[LISTED RECORDS]

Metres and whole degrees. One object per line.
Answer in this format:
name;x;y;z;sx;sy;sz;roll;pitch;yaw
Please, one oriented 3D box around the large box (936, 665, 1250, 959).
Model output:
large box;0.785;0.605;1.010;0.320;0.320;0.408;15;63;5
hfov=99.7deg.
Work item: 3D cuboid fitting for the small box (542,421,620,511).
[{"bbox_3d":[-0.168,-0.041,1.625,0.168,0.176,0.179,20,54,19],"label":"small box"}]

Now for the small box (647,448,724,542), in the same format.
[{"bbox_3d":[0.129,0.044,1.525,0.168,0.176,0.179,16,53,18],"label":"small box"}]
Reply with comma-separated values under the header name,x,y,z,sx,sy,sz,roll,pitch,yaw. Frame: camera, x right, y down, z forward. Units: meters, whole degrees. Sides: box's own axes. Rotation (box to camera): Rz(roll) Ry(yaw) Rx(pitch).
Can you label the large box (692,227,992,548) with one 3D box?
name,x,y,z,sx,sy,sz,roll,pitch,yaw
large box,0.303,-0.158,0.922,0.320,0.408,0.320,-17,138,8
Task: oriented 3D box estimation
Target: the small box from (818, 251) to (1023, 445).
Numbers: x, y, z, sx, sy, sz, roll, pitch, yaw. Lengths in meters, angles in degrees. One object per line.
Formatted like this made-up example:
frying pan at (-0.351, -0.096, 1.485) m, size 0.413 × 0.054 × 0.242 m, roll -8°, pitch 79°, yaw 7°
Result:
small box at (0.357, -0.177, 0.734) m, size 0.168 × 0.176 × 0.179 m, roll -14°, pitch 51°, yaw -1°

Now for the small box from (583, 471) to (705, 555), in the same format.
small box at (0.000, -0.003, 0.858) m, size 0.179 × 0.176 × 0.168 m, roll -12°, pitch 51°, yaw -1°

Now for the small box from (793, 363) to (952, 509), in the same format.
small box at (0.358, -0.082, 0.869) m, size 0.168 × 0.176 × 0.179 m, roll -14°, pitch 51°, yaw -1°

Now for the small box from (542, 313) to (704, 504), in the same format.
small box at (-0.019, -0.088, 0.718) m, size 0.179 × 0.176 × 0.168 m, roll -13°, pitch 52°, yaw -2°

[/LISTED RECORDS]

WORK INSTRUCTIONS: Transcribe, word for word, the data above from its first line through the line with "hfov=99.7deg.", and include nothing else.

SOLUTION TO THE PROBLEM:
Metres and whole degrees. One object per line.
Answer in this format:
name;x;y;z;sx;sy;sz;roll;pitch;yaw
Please, one oriented 3D box around the large box (936, 665, 1250, 959).
Model output:
large box;0.785;0.605;1.010;0.320;0.320;0.408;15;63;5
hfov=99.7deg.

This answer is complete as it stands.